• Problem details: Report each line of the entries below that has the word "best" in it.

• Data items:
·····

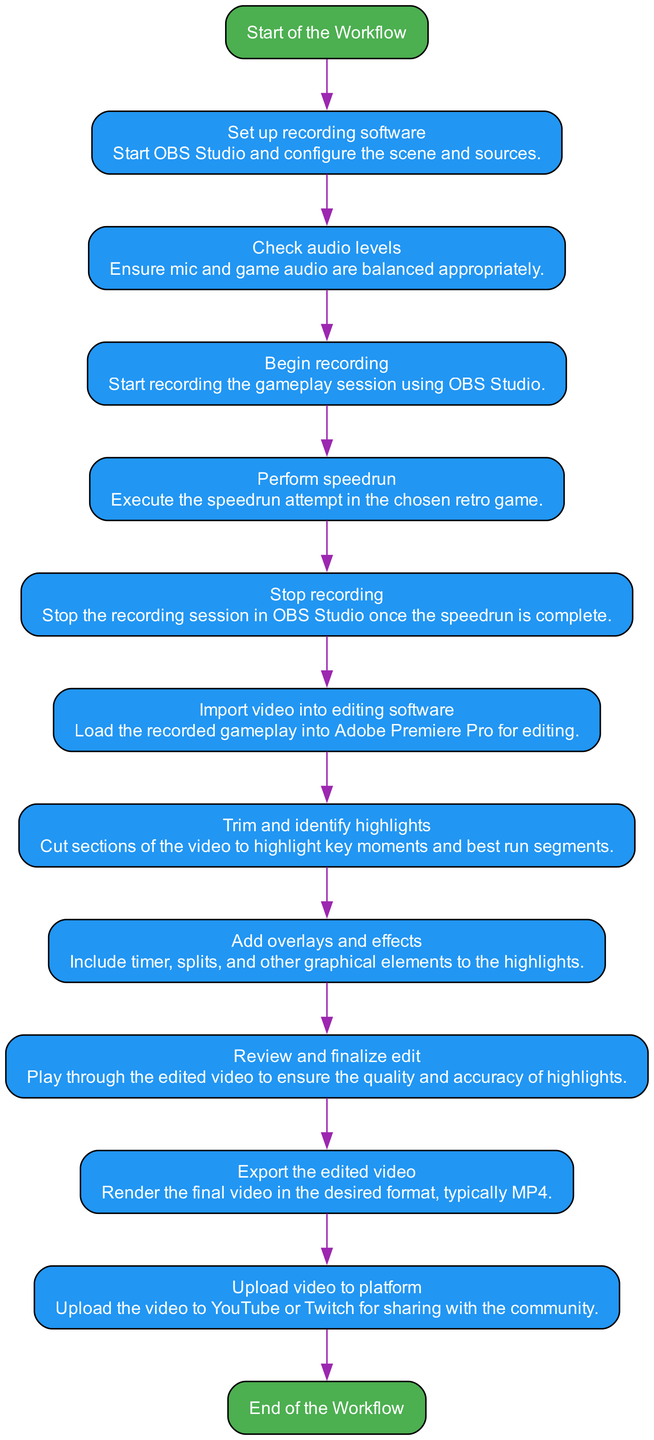What is the first step in the workflow? The first step in the workflow is "Start of the Workflow," represented as a starting node in the diagram.
Answer: Start of the Workflow How many process nodes are in the diagram? By counting each node with the type "process" in the diagram, we find there are 9 process nodes.
Answer: 9 What comes after "Check audio levels"? The node that follows "Check audio levels" in the diagram is "Begin recording."
Answer: Begin recording What is the last step in the workflow? The last step in the workflow is "End of the Workflow," which is represented as an end node in the diagram.
Answer: End of the Workflow What are the details associated with the "Trim and identify highlights" process? The details provided in the diagram for this process describe it as "Cut sections of the video to highlight key moments and best run segments."
Answer: Cut sections of the video to highlight key moments and best run segments Which two nodes are connected directly by an edge after "Perform speedrun"? The node connected directly after "Perform speedrun" is "Stop recording."
Answer: Stop recording How does the workflow progress from recording to editing? The workflow moves from "Stop recording" to "Import video into editing software," indicating that recording and editing are sequential processes.
Answer: Import video into editing software What color represents the process nodes in the diagram? Process nodes in the diagram are filled with the color blue, which distinguishes them from the start and end nodes.
Answer: Blue What is the purpose of the "Add overlays and effects" step? The step is aimed at enhancing the video's visual appeal by including elements like a timer, splits, and other graphical enhancements.
Answer: Include timer, splits, and other graphical elements to the highlights

·····

• Answer box:
Answer: End of the Workflow What are the details associated with the "Trim and identify highlights" process? The details provided in the diagram for this process describe it as "Cut sections of the video to highlight key moments and best run segments."
Answer: Cut sections of the video to highlight key moments and best run segments Which two nodes are connected directly by an edge after "Perform speedrun"? The node connected directly after "Perform speedrun" is "Stop recording."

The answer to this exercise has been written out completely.